### EXERCISE PROMPT
Each entry should be copied as it stands, leaving the pictures behind.

[Recorded data]
---+---

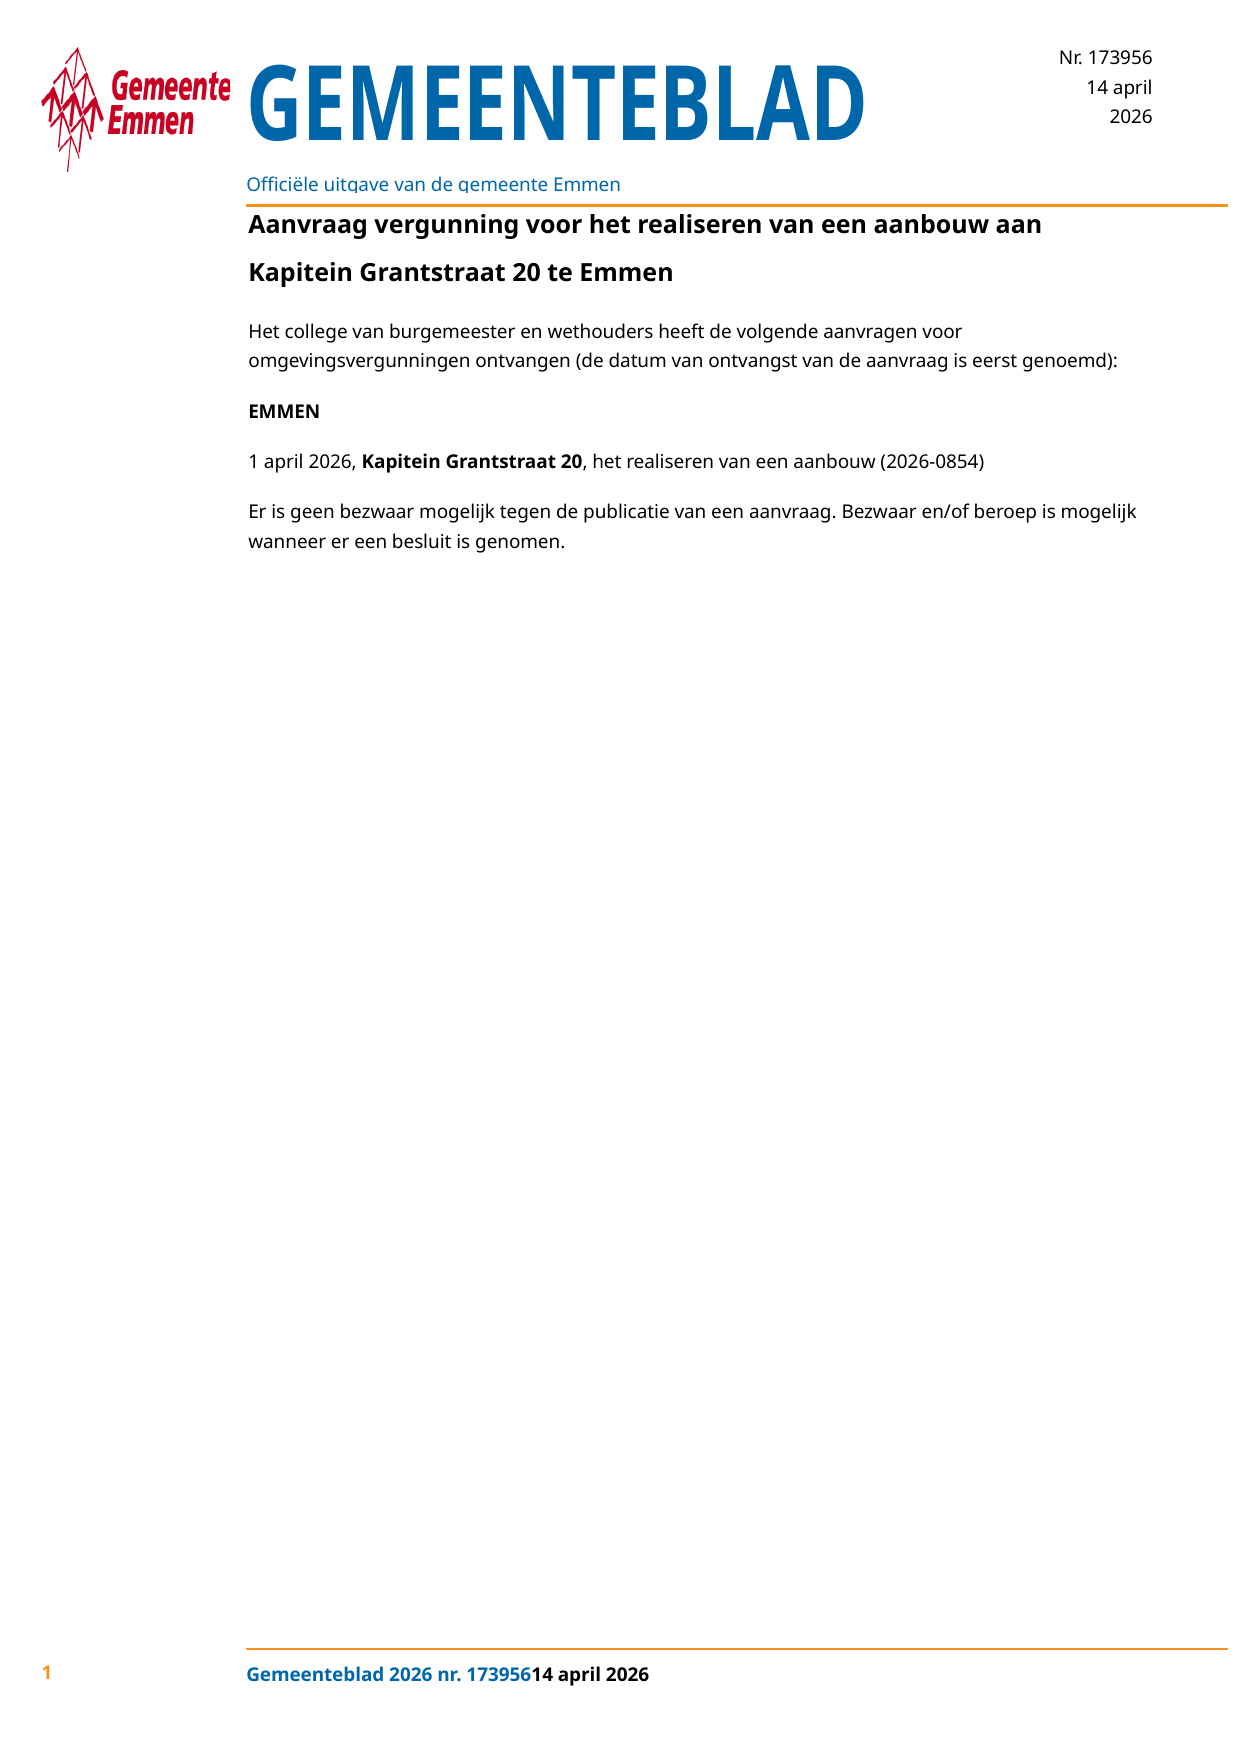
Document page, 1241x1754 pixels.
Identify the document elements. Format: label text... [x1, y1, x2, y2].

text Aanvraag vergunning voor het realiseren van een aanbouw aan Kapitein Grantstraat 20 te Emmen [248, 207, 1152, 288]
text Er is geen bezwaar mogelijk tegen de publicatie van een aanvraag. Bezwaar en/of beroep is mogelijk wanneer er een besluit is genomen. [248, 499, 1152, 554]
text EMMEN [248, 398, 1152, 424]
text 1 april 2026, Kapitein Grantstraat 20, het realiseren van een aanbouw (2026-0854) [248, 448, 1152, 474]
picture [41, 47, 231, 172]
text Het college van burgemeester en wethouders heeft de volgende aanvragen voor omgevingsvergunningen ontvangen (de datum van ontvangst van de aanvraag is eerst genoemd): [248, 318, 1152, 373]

---+---

### WRITTEN SOLUTION
Document page, 1241x1754 pixels.
Identify the document elements. Format: label text... [x1, y1, x2, y2].

text Aanvraag vergunning voor het realiseren van een aanbouw aan Kapitein Grantstraat 20 te Emmen [248, 207, 1152, 288]
text Er is geen bezwaar mogelijk tegen de publicatie van een aanvraag. Bezwaar en/of beroep is mogelijk wanneer er een besluit is genomen. [248, 499, 1152, 554]
text EMMEN [248, 398, 1152, 424]
text 1 april 2026, Kapitein Grantstraat 20, het realiseren van een aanbouw (2026-0854) [248, 448, 1152, 474]
picture [41, 47, 231, 172]
text Het college van burgemeester en wethouders heeft de volgende aanvragen voor omgevingsvergunningen ontvangen (de datum van ontvangst van de aanvraag is eerst genoemd): [248, 318, 1152, 373]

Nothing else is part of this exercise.